### WHAT YOU NEED TO DO
Go through the listing below and output exactly the line with "Find the block", the line with "The image size is (953, 1232).", and each line between; omit the rest.

(THE DATA Opens)

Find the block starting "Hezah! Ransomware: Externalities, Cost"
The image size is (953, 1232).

(THE DATA Closes)
(THE DATA Opens)

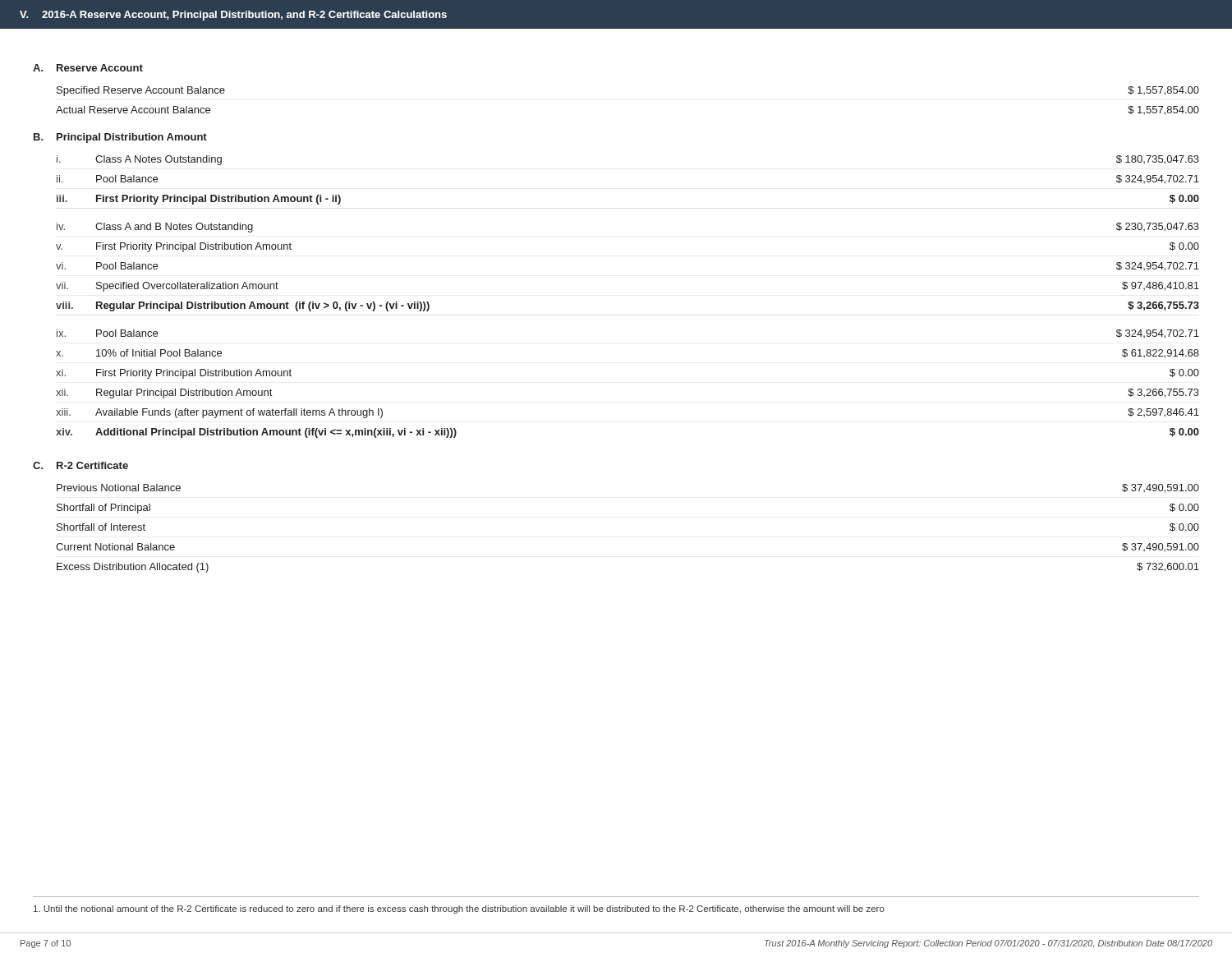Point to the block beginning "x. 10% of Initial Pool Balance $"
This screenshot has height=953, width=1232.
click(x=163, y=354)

(THE DATA Closes)
(THE DATA Opens)

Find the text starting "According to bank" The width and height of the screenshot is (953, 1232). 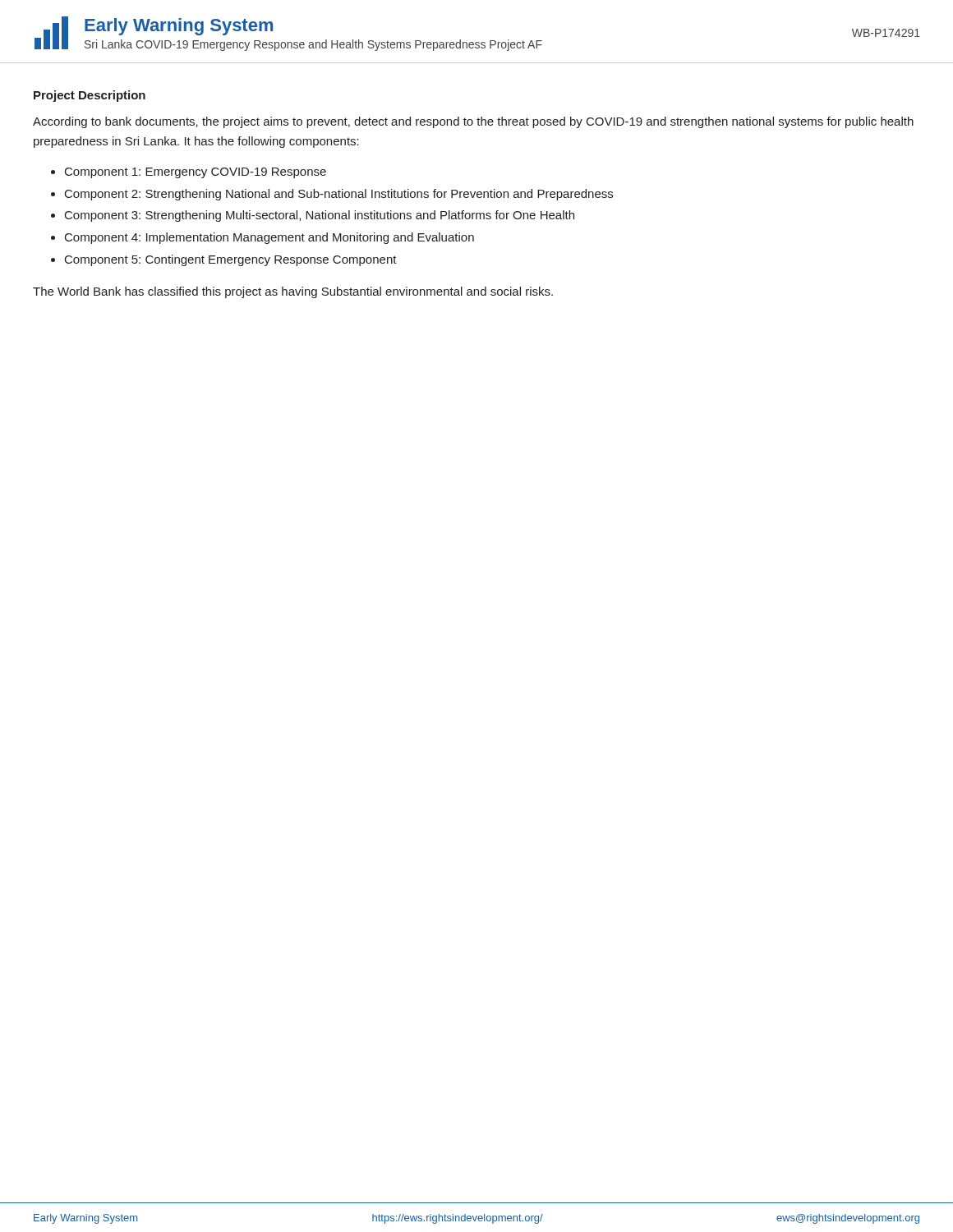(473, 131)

(THE DATA Closes)

### SOLUTION TO THE PROBLEM
Find the block starting "Hezah! Ransomware: Externalities, Cost"
The image size is (953, 1232).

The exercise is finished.